CNET is celebrating its 25th anniversary with articles remembering the 1990s — including that moment "when Hollywood finally noticed the web," calling it "a flawed but fun snapshot of the moment the internet took over the world..."

"Twenty-five years ago, cinema met cyberspace in a riot of funky fashion, cool music and surveillance paranoia. It began in May 1995 with the release of Johnny Mnemonic, a delirious sci-fi action dystopia matching Keanu Reeves with seminal cyberpunk author William Gibson. In July, Sandra Bullock had her identity erased in conspiracy thriller The Net. In August, Denzel Washington pursued Russell Crowe's computer-generated serial killer in Virtuosity, and in September Angelina Jolie found her breakthrough role in anarchic adventure Hackers. In October, Kathryn Bigelow served up dystopian thriller Strange Days. It's hard to know what's most dated about these mid-'90s curios: the primitive-looking effects, the funky fashions or the clunky technology depicted on screen. But now, 25 years later, they've proved prescient in their concerns about surveillance, corporate power and the corruption of what seemed to be an excitingly democratic new age...
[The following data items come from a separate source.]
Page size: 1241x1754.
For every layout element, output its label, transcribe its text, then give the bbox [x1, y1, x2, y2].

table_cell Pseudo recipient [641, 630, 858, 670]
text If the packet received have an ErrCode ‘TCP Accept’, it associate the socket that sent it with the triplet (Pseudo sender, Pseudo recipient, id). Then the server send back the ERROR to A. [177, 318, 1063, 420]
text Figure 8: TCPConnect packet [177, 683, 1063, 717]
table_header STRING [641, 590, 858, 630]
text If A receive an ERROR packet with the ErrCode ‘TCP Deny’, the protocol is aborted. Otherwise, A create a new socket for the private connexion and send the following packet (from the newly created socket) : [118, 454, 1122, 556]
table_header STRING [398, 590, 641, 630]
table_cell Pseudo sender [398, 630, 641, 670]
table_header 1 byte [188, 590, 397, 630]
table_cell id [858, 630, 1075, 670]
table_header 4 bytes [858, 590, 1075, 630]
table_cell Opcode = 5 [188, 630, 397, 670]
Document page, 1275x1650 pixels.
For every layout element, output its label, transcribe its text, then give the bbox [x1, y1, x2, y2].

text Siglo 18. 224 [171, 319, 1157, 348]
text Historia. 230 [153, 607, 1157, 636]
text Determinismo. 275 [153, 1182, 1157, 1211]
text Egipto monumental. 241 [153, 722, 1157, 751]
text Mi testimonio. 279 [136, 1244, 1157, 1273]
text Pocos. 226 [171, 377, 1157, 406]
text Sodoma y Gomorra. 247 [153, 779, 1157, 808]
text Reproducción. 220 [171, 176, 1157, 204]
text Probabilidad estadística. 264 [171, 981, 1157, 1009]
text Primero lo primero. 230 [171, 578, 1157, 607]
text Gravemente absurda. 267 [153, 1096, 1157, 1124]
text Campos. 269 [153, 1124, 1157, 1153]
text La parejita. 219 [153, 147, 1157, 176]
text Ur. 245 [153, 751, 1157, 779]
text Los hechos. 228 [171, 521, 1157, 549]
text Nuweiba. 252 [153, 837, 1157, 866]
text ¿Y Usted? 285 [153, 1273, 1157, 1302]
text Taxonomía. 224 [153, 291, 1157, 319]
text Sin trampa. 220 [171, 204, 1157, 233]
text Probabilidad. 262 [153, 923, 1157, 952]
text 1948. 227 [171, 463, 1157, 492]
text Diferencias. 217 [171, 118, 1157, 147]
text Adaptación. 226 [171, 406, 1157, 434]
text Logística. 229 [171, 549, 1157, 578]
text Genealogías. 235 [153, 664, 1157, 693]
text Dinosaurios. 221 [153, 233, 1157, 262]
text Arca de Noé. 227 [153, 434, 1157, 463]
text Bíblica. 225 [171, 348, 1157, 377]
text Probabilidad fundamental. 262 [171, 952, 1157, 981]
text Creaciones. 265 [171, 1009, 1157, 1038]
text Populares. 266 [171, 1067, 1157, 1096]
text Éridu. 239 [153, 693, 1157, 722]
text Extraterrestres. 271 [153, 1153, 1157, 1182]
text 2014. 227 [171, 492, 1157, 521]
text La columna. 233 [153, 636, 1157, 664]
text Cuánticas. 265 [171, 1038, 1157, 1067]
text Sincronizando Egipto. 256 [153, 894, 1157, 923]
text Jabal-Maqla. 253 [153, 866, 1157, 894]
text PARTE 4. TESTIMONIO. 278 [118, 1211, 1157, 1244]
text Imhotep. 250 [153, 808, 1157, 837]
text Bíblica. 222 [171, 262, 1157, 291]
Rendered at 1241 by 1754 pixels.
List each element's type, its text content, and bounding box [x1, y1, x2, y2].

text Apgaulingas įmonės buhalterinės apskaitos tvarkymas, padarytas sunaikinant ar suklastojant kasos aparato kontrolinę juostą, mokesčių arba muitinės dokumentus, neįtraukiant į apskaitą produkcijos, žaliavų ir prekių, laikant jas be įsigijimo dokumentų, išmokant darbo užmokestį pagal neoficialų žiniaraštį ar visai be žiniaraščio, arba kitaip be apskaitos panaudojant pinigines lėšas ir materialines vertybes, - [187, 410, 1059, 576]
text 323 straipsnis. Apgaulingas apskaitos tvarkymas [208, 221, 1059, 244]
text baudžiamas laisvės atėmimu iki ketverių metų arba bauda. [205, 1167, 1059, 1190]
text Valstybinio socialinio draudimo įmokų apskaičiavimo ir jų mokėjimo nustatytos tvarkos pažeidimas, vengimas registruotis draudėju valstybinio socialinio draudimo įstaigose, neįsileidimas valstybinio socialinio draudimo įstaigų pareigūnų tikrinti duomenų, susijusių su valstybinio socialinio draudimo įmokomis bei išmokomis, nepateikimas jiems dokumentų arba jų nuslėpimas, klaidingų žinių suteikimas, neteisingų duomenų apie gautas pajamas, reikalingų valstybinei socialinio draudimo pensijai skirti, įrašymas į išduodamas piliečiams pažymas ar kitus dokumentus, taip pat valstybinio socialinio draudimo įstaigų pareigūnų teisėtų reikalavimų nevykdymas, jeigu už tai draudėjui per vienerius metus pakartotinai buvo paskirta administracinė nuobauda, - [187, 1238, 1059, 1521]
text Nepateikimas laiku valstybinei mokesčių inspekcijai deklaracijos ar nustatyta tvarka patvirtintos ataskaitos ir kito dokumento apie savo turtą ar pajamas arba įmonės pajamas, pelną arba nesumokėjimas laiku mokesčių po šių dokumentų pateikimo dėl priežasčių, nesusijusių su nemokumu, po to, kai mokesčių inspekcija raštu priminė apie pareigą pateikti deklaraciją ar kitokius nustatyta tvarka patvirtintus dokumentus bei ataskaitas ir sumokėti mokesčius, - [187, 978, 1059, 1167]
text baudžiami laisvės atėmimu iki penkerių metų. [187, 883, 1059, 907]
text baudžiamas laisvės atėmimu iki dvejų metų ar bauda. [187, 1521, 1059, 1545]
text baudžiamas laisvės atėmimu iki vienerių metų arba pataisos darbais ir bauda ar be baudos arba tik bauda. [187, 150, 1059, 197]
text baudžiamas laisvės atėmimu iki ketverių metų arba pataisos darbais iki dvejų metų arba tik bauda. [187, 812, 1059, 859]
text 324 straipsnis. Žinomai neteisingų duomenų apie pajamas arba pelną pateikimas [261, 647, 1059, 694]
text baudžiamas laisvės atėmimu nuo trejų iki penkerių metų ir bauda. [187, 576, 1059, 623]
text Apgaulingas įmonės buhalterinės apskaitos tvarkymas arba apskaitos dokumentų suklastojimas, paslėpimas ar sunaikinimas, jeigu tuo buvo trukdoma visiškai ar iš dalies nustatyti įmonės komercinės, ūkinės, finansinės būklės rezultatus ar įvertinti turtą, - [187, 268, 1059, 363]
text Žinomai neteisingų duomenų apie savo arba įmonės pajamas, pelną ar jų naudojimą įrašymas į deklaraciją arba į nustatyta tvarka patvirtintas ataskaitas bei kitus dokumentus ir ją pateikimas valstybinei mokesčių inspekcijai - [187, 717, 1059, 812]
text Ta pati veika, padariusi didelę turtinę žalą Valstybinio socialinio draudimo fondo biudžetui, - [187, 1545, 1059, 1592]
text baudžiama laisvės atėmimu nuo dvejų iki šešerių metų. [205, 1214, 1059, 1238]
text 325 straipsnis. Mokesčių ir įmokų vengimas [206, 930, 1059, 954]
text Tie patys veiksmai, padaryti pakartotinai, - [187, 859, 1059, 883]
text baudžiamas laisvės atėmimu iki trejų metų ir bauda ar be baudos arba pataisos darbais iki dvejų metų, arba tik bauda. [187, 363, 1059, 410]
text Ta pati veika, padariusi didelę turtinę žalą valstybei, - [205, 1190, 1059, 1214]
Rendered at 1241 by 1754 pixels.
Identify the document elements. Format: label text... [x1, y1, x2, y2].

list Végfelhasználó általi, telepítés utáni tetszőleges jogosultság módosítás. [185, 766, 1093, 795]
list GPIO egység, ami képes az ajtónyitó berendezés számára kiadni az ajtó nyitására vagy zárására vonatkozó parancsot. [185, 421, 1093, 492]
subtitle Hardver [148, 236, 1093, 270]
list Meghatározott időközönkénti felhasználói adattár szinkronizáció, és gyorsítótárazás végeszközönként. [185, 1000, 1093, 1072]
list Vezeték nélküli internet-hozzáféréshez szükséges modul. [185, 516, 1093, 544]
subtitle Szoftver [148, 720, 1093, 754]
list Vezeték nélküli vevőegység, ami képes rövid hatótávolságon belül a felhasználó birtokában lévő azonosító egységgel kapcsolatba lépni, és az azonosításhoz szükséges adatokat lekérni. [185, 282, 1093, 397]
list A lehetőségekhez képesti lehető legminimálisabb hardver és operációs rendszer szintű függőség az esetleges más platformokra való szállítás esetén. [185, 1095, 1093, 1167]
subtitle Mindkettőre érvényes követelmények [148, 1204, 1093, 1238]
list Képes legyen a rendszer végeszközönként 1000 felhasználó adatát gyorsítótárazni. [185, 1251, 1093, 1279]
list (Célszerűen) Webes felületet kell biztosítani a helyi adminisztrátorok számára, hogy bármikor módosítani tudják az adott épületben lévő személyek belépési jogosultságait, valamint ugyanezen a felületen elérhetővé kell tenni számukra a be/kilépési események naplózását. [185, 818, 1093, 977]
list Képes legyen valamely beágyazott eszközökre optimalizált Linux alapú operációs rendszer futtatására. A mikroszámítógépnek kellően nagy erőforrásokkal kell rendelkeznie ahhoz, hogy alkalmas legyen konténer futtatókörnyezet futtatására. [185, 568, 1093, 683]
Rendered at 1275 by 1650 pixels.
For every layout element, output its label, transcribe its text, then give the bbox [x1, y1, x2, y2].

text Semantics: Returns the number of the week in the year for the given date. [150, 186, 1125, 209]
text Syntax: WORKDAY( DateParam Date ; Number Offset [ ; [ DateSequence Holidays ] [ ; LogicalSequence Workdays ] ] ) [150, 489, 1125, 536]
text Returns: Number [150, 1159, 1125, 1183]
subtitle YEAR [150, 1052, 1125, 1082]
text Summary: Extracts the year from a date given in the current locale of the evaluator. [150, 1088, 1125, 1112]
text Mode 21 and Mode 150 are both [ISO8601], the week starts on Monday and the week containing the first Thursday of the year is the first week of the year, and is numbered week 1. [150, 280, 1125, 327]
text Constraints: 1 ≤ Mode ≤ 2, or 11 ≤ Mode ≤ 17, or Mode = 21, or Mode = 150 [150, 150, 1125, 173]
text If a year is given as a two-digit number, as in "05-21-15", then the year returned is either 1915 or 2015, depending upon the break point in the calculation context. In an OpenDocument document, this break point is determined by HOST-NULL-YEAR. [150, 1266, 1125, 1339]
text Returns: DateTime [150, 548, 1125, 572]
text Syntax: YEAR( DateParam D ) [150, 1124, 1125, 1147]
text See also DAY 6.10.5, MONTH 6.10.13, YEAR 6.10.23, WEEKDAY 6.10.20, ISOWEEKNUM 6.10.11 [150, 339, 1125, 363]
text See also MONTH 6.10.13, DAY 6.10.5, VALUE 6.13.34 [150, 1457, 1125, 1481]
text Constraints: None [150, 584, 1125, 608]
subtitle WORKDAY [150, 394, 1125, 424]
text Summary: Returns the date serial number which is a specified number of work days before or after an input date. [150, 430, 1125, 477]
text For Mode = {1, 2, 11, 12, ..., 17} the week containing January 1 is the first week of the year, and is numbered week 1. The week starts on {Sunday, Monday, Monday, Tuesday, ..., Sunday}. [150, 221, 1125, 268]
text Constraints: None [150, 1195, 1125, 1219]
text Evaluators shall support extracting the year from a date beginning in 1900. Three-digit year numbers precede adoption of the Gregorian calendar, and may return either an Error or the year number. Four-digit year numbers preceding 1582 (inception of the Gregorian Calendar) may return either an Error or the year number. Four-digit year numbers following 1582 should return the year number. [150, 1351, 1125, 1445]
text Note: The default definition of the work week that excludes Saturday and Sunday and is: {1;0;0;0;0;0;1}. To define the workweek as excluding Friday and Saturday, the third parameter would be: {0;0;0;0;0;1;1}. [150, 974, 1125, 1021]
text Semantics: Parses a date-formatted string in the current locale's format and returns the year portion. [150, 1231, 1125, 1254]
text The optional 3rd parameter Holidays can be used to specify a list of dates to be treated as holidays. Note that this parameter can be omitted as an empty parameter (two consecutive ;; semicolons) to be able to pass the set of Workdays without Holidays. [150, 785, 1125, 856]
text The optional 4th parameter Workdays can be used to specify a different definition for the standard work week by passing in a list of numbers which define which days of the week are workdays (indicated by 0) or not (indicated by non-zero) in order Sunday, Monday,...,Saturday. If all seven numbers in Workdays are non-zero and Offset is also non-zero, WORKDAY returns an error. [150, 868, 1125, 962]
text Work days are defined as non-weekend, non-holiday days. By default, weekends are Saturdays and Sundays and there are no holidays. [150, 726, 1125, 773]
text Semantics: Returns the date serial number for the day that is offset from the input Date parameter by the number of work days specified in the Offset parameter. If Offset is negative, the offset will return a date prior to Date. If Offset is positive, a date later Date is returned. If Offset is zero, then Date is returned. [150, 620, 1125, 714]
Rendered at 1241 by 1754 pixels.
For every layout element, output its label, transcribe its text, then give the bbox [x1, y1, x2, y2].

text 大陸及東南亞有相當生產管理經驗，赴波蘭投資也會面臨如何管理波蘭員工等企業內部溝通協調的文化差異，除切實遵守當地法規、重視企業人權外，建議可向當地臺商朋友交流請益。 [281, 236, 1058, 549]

Most tellingly, Johnny Mnemonic and the other tech-focused films of 1995 all express fears around the misuse of surveillance in a connected world. The Net updates the paranoia of '70s thrillers The Conversation and The Anderson Tapes, and each movie features an unholy alliance of avaricious corporate bad guys and authoritarian law enforcement. Or as Matthew Lillard's character puts it in Hackers, "Orwell is here and livin' large!"

But the whistleblowing heroes of Hackers, The Net and Johnny Mnemonic use their skills to subvert and unpick the establishment's grip on technology. Hackers in particular radiates an infectious idealism as the diverse crew of anarchic youngsters rollerblade rings around the greedy suits and clueless cops, "snooping onto them as they snoop onto us". The movie highlights technology's potential to be a tool for wrongdoing and a democratic, open medium where you can be who you want to be... Sadly, 1995's wave of technology-themed movies have one other thing in common. They all bombed.

CNET's reporter gets new quotes from the director of Hackers — as well as one of that film's then-15-year-old technical advisors, Nicholas Jareck. "For all its exaggerations," he says, "it does a decent job of showing the hacker spirit — those kids were tinkerers, experimenting, reveling in their ability to figure something out. It's a celebration of human ingenuity."

Johnny Mnemonic. "Speaking on the phone from New York, Longo's memories are peppered with entertaining asides about who was 'evil,' 'a dick,' 'an idiot' or 'a fucking idiot.'"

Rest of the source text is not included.